To do –
Each line that includes "object" must be copied from the records.

Material for this exercise –
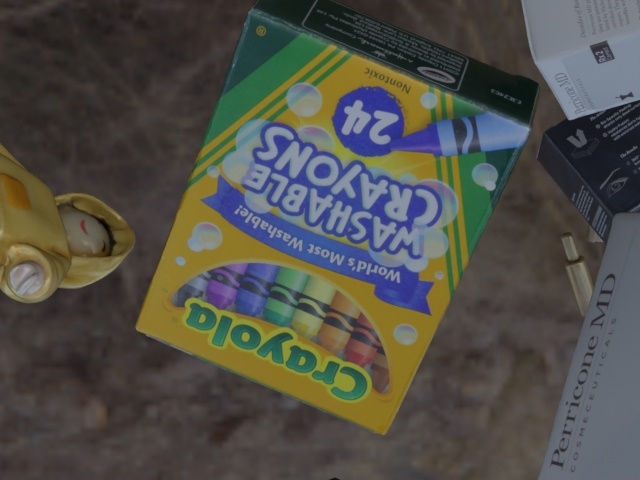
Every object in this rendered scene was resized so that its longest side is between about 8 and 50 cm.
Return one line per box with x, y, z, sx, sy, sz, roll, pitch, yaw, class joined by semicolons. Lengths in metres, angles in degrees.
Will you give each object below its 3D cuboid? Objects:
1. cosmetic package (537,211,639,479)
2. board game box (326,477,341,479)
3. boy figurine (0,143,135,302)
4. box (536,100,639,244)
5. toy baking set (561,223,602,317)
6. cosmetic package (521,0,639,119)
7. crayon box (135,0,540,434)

Exercise result –
Every object in this rendered scene was resized so that its longest side is between about 8 and 50 cm.
Will you give each object below its 3D cuboid? Objects:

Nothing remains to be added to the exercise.